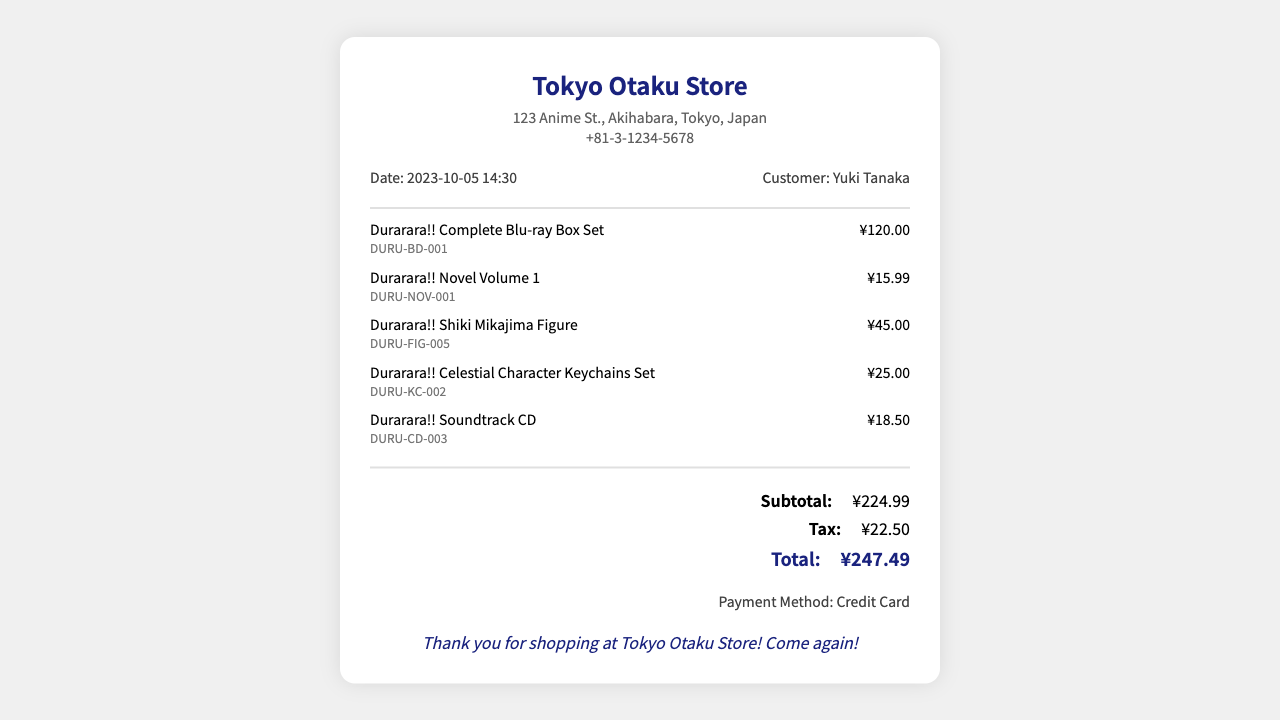What is the store name? The store name is prominently displayed at the top of the receipt.
Answer: Tokyo Otaku Store What is the date of the transaction? The date of the transaction is listed in the transaction information section of the receipt.
Answer: 2023-10-05 Who is the customer? The customer's name is indicated in the transaction information section.
Answer: Yuki Tanaka What is the payment method used? The payment method is mentioned at the bottom of the receipt.
Answer: Credit Card What is the price of the Durarara!! Complete Blu-ray Box Set? The price is indicated next to the item's description on the receipt.
Answer: ¥120.00 What is the total amount before tax? The subtotal is provided in the totals section before any taxes are added.
Answer: ¥224.99 How much was collected as tax? The tax amount is explicitly stated in the totals section of the receipt.
Answer: ¥22.50 What is the total cost after tax? The total cost is listed at the end of the totals section.
Answer: ¥247.49 How many items were purchased in total? The number of items can be inferred from the individual item listings on the receipt.
Answer: 5 
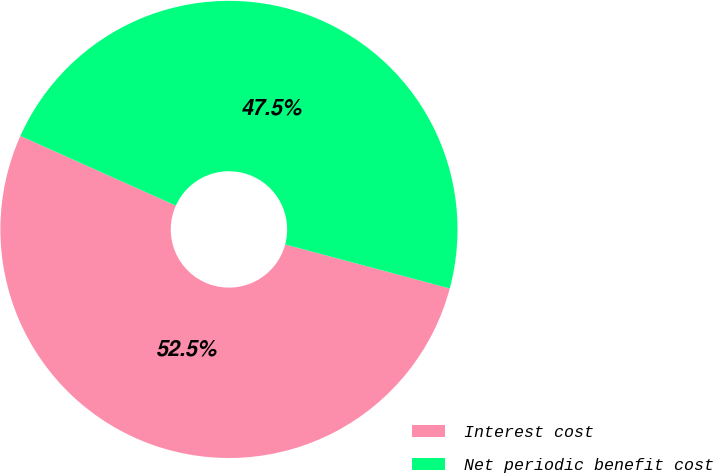Convert chart to OTSL. <chart><loc_0><loc_0><loc_500><loc_500><pie_chart><fcel>Interest cost<fcel>Net periodic benefit cost<nl><fcel>52.55%<fcel>47.45%<nl></chart> 
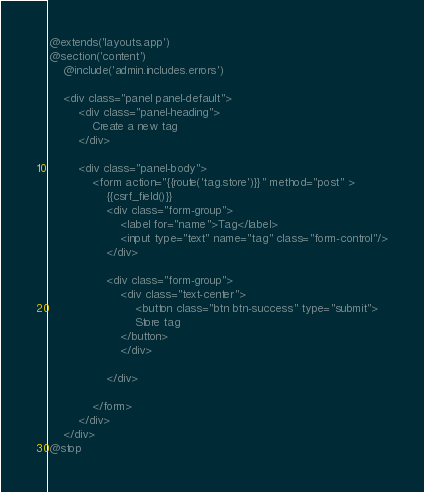Convert code to text. <code><loc_0><loc_0><loc_500><loc_500><_PHP_>@extends('layouts.app')
@section('content')
    @include('admin.includes.errors')

    <div class="panel panel-default">
        <div class="panel-heading">
            Create a new tag
        </div>
        
        <div class="panel-body">
            <form action="{{route('tag.store')}}" method="post" >
                {{csrf_field()}}
                <div class="form-group">
                    <label for="name">Tag</label>
                    <input type="text" name="tag" class="form-control"/>
                </div>
                
                <div class="form-group">
                    <div class="text-center">
                        <button class="btn btn-success" type="submit">
                        Store tag
                    </button>
                    </div>
                    
                </div>
               
            </form>
        </div>
    </div>
@stop</code> 
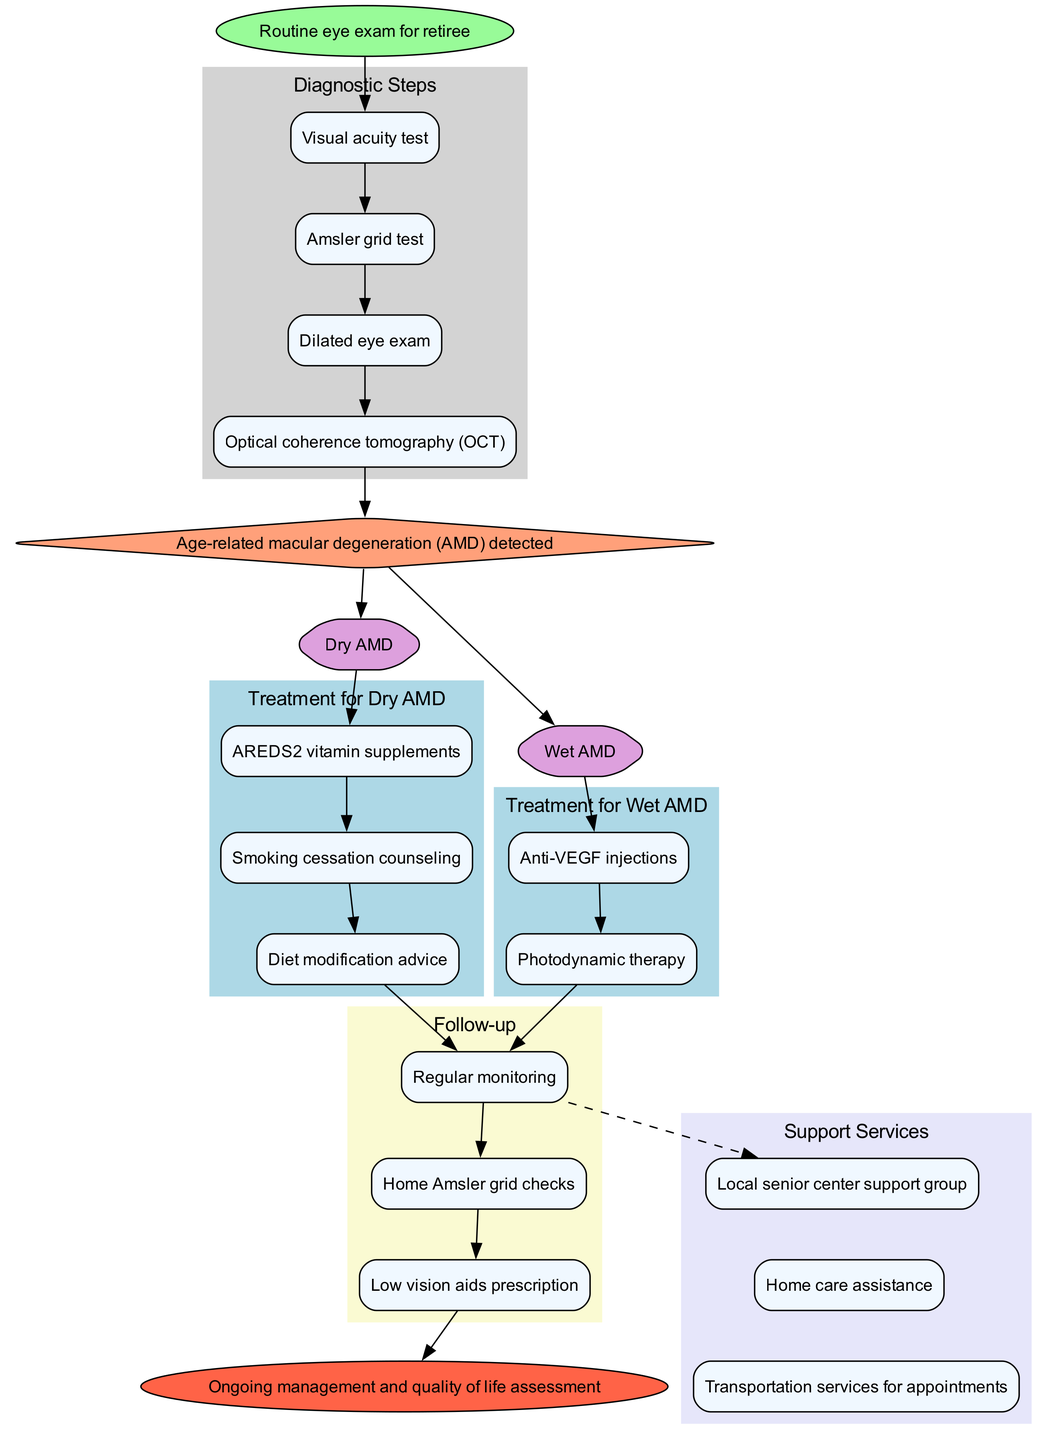What is the starting point of the clinical pathway? The starting point is indicated at the top of the diagram, labeled as "Routine eye exam for retiree." This node connects to the first diagnostic step.
Answer: Routine eye exam for retiree How many diagnostic steps are there in the pathway? The diagnostic steps are listed in a cluster within the diagram. There are a total of four steps: Visual acuity test, Amsler grid test, Dilated eye exam, and Optical coherence tomography (OCT). Thus, the number is counted to be four.
Answer: 4 What type of AMD is treated with anti-VEGF injections? The treatment options for AMD types are indicated and directly associated with the "Wet AMD" type. Since anti-VEGF injections are specifically listed under Wet AMD, it is evident that it is the treatment designated for this particular type.
Answer: Wet AMD What is one of the treatment options for Dry AMD? Under the Dry AMD treatment section, multiple options are provided; one of them is AREDS2 vitamin supplements. This is a direct answer taken from the treatment options in the diagram.
Answer: AREDS2 vitamin supplements What follows after the diagnosis of Age-related macular degeneration? After the diagnosis node, there are two branches representing the types of AMD (Dry AMD and Wet AMD). Following this branch, the flow leads into respective treatment options, making it clear that both branches lead to treatment options.
Answer: Treatment options What support service is available for retirees in the pathway? The support services are listed in a dedicated section near the end of the diagram. One example given is the "Local senior center support group," which is one of the services for ongoing support.
Answer: Local senior center support group How is the follow-up process structured in the pathway? The follow-up section contains three steps listed sequentially. They are regular monitoring, home Amsler grid checks, and low vision aids prescription. This structure indicates that they occur in the order listed.
Answer: Regular monitoring, home Amsler grid checks, low vision aids prescription What is the endpoint of the clinical pathway? The very last node in the diagram indicates the endpoint and is labeled "Ongoing management and quality of life assessment," which summarizes the goal of the clinical pathway for AMD management.
Answer: Ongoing management and quality of life assessment What color is used to represent the diagnosis node? The node labeled with the diagnosis of Age-related macular degeneration is distinctly colored in a light orange shade, which helps in visually categorizing it as a critical decision point in the pathway.
Answer: Light orange 
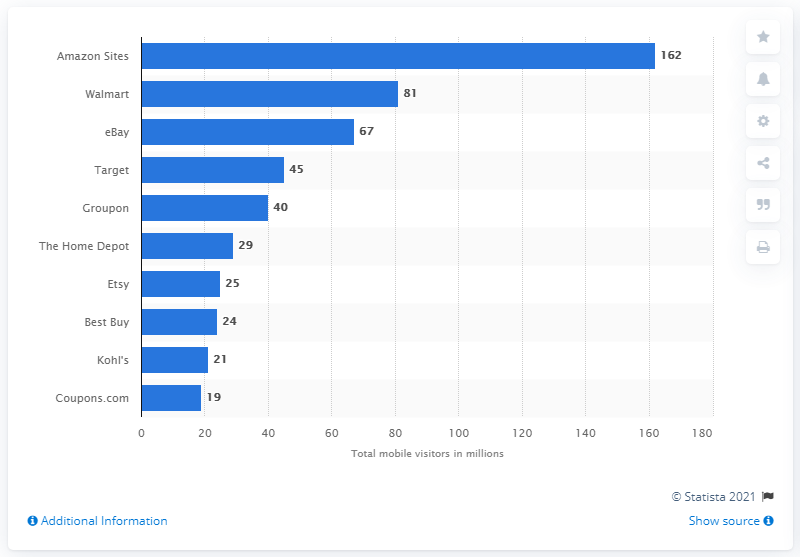Draw attention to some important aspects in this diagram. In September 2018, the number of mobile visitors who visited Amazon sites was 162 million. 
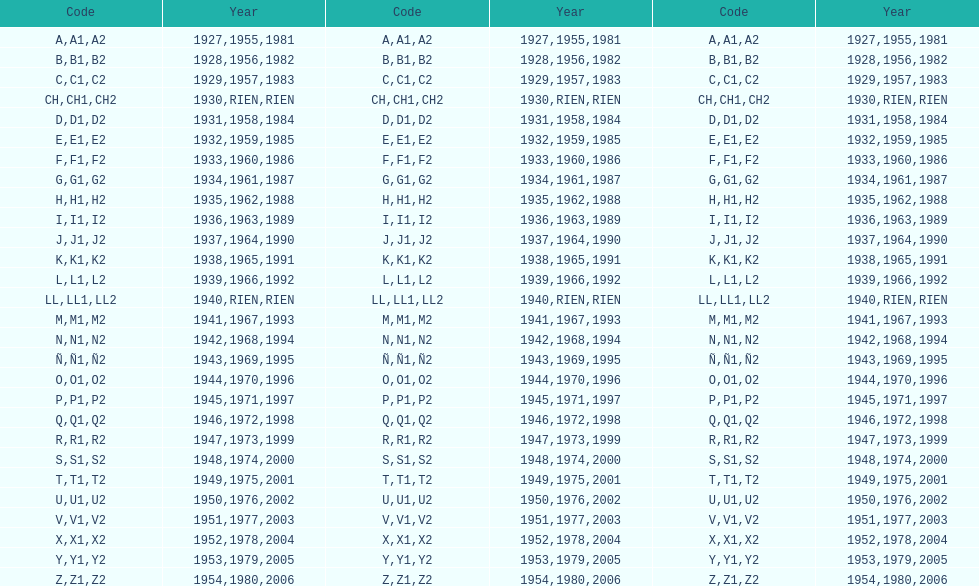What was the lowest year stamped? 1927. 
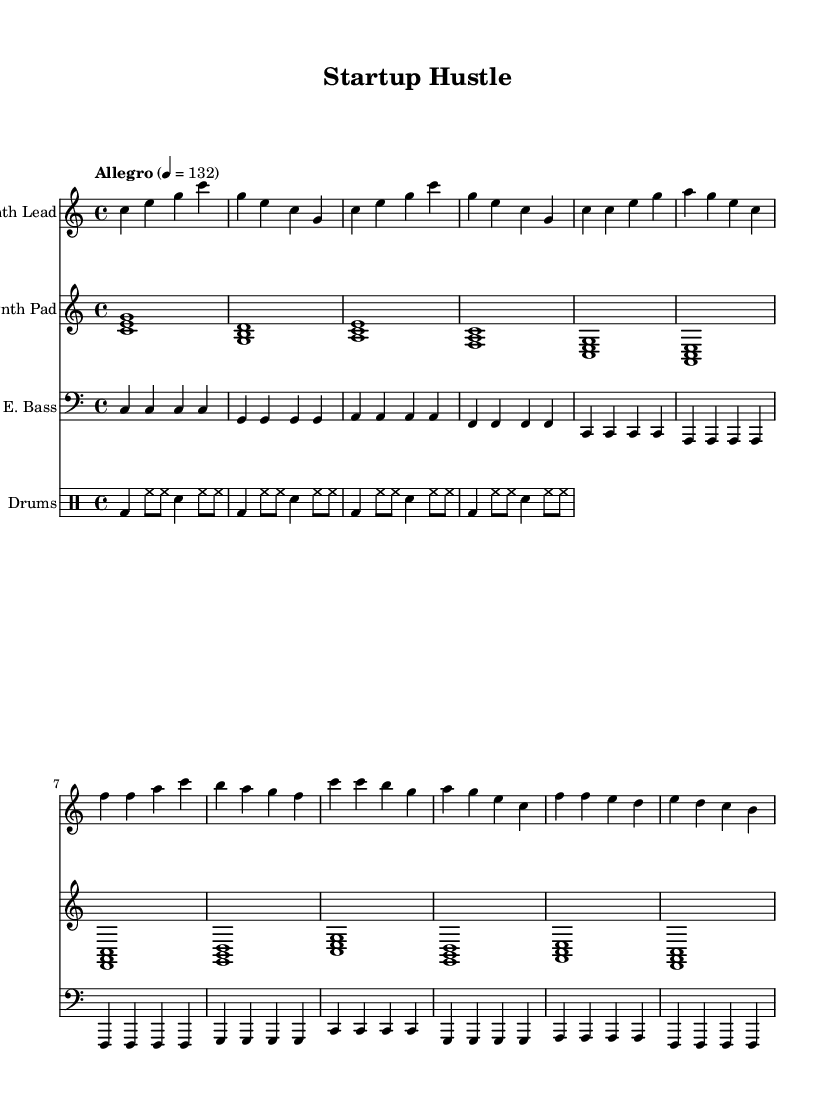What is the key signature of this music? The key signature is C major, which has no sharps or flats.
Answer: C major What is the time signature of this music? The time signature indicated in the music is 4/4, which means there are four beats in a measure.
Answer: 4/4 What is the tempo marking of this music? The tempo marking written in the score is "Allegro" with a metronome marking of 132 beats per minute.
Answer: Allegro, 132 How many measures are in the intro section? The intro consists of four measures, each represented by the corresponding notation before transitioning into the verse.
Answer: 4 What is the main rhythmic pattern used in the drum section? The drum pattern alternates between bass drum and hi-hat with snare hits, creating a driving beat typical in electronic music.
Answer: Bass, hi-hat, snare Which instrument plays the lead melody? The lead melody is played by the synth lead, as indicated at the top of that staff.
Answer: Synth Lead How does the verse differ from the chorus in terms of melodic notes? The verse mainly utilizes lower notes within the C major scale while the chorus introduces higher notes which create a more uplifting feel.
Answer: Lower notes to higher notes 
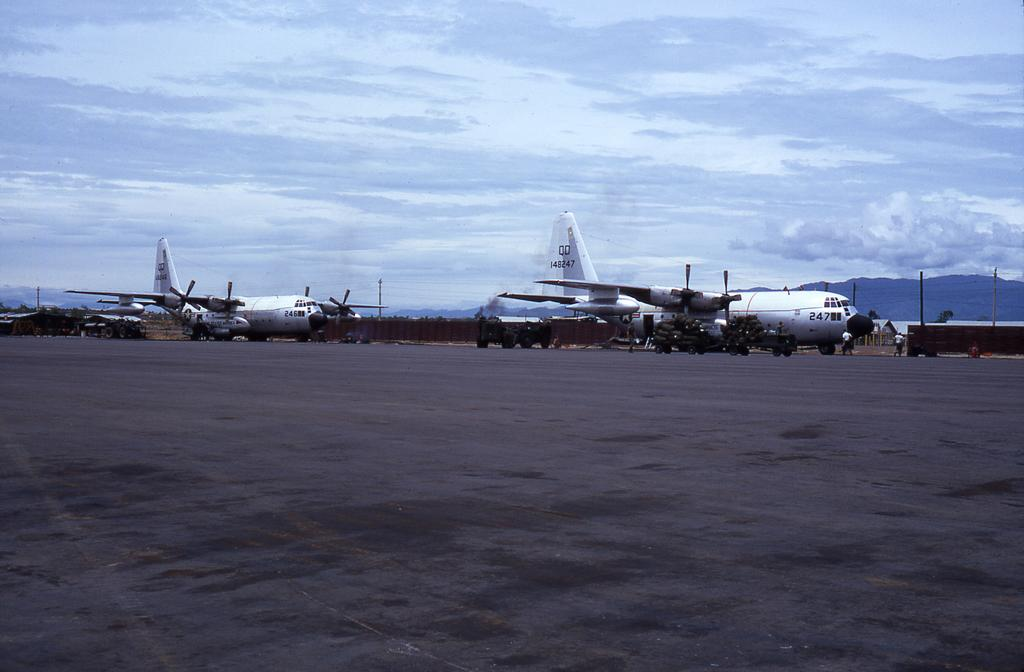What is the main subject of the image? The main subject of the image is a group of airplanes. Where are the airplanes located in the image? The airplanes are placed on the ground. What can be seen in the background of the image? There are mountains and a group of persons in the background of the image. How would you describe the sky in the image? The sky is cloudy in the background of the image. How many girls are standing next to the airplanes in the image? There is no mention of girls in the image; it features a group of airplanes on the ground with mountains and a group of persons in the background.

= TASK DETAILS =
Your answer must be an exact copy of the listing, minus its pictures.

= WRITTEN SOLUTION =
What is the store name? The store name is prominently displayed at the top of the receipt.
Answer: Tokyo Otaku Store What is the date of the transaction? The date of the transaction is listed in the transaction information section of the receipt.
Answer: 2023-10-05 Who is the customer? The customer's name is indicated in the transaction information section.
Answer: Yuki Tanaka What is the payment method used? The payment method is mentioned at the bottom of the receipt.
Answer: Credit Card What is the price of the Durarara!! Complete Blu-ray Box Set? The price is indicated next to the item's description on the receipt.
Answer: ¥120.00 What is the total amount before tax? The subtotal is provided in the totals section before any taxes are added.
Answer: ¥224.99 How much was collected as tax? The tax amount is explicitly stated in the totals section of the receipt.
Answer: ¥22.50 What is the total cost after tax? The total cost is listed at the end of the totals section.
Answer: ¥247.49 How many items were purchased in total? The number of items can be inferred from the individual item listings on the receipt.
Answer: 5 
Convert chart to OTSL. <chart><loc_0><loc_0><loc_500><loc_500><pie_chart><fcel>Interest cost<fcel>Net periodic benefit cost<nl><fcel>52.55%<fcel>47.45%<nl></chart> 
Convert code to text. <code><loc_0><loc_0><loc_500><loc_500><_PHP_>@extends('layouts.app')
@section('content')
    @include('admin.includes.errors')

    <div class="panel panel-default">
        <div class="panel-heading">
            Create a new tag
        </div>
        
        <div class="panel-body">
            <form action="{{route('tag.store')}}" method="post" >
                {{csrf_field()}}
                <div class="form-group">
                    <label for="name">Tag</label>
                    <input type="text" name="tag" class="form-control"/>
                </div>
                
                <div class="form-group">
                    <div class="text-center">
                        <button class="btn btn-success" type="submit">
                        Store tag
                    </button>
                    </div>
                    
                </div>
               
            </form>
        </div>
    </div>
@stop</code> 
What is the starting point of the clinical pathway? The starting point is indicated at the top of the diagram, labeled as "Routine eye exam for retiree." This node connects to the first diagnostic step.
Answer: Routine eye exam for retiree How many diagnostic steps are there in the pathway? The diagnostic steps are listed in a cluster within the diagram. There are a total of four steps: Visual acuity test, Amsler grid test, Dilated eye exam, and Optical coherence tomography (OCT). Thus, the number is counted to be four.
Answer: 4 What type of AMD is treated with anti-VEGF injections? The treatment options for AMD types are indicated and directly associated with the "Wet AMD" type. Since anti-VEGF injections are specifically listed under Wet AMD, it is evident that it is the treatment designated for this particular type.
Answer: Wet AMD What is one of the treatment options for Dry AMD? Under the Dry AMD treatment section, multiple options are provided; one of them is AREDS2 vitamin supplements. This is a direct answer taken from the treatment options in the diagram.
Answer: AREDS2 vitamin supplements What follows after the diagnosis of Age-related macular degeneration? After the diagnosis node, there are two branches representing the types of AMD (Dry AMD and Wet AMD). Following this branch, the flow leads into respective treatment options, making it clear that both branches lead to treatment options.
Answer: Treatment options What support service is available for retirees in the pathway? The support services are listed in a dedicated section near the end of the diagram. One example given is the "Local senior center support group," which is one of the services for ongoing support.
Answer: Local senior center support group How is the follow-up process structured in the pathway? The follow-up section contains three steps listed sequentially. They are regular monitoring, home Amsler grid checks, and low vision aids prescription. This structure indicates that they occur in the order listed.
Answer: Regular monitoring, home Amsler grid checks, low vision aids prescription What is the endpoint of the clinical pathway? The very last node in the diagram indicates the endpoint and is labeled "Ongoing management and quality of life assessment," which summarizes the goal of the clinical pathway for AMD management.
Answer: Ongoing management and quality of life assessment What color is used to represent the diagnosis node? The node labeled with the diagnosis of Age-related macular degeneration is distinctly colored in a light orange shade, which helps in visually categorizing it as a critical decision point in the pathway.
Answer: Light orange 
Draw attention to some important aspects in this diagram. In September 2018, the number of mobile visitors who visited Amazon sites was 162 million. 
What was the lowest year stamped? 1927. 
What is the key signature of this music? The key signature is C major, which has no sharps or flats.
Answer: C major What is the time signature of this music? The time signature indicated in the music is 4/4, which means there are four beats in a measure.
Answer: 4/4 What is the tempo marking of this music? The tempo marking written in the score is "Allegro" with a metronome marking of 132 beats per minute.
Answer: Allegro, 132 How many measures are in the intro section? The intro consists of four measures, each represented by the corresponding notation before transitioning into the verse.
Answer: 4 What is the main rhythmic pattern used in the drum section? The drum pattern alternates between bass drum and hi-hat with snare hits, creating a driving beat typical in electronic music.
Answer: Bass, hi-hat, snare Which instrument plays the lead melody? The lead melody is played by the synth lead, as indicated at the top of that staff.
Answer: Synth Lead How does the verse differ from the chorus in terms of melodic notes? The verse mainly utilizes lower notes within the C major scale while the chorus introduces higher notes which create a more uplifting feel.
Answer: Lower notes to higher notes 
What is the main subject of the image? The main subject of the image is a group of airplanes. Where are the airplanes located in the image? The airplanes are placed on the ground. What can be seen in the background of the image? There are mountains and a group of persons in the background of the image. How would you describe the sky in the image? The sky is cloudy in the background of the image. How many girls are standing next to the airplanes in the image? There is no mention of girls in the image; it features a group of airplanes on the ground with mountains and a group of persons in the background.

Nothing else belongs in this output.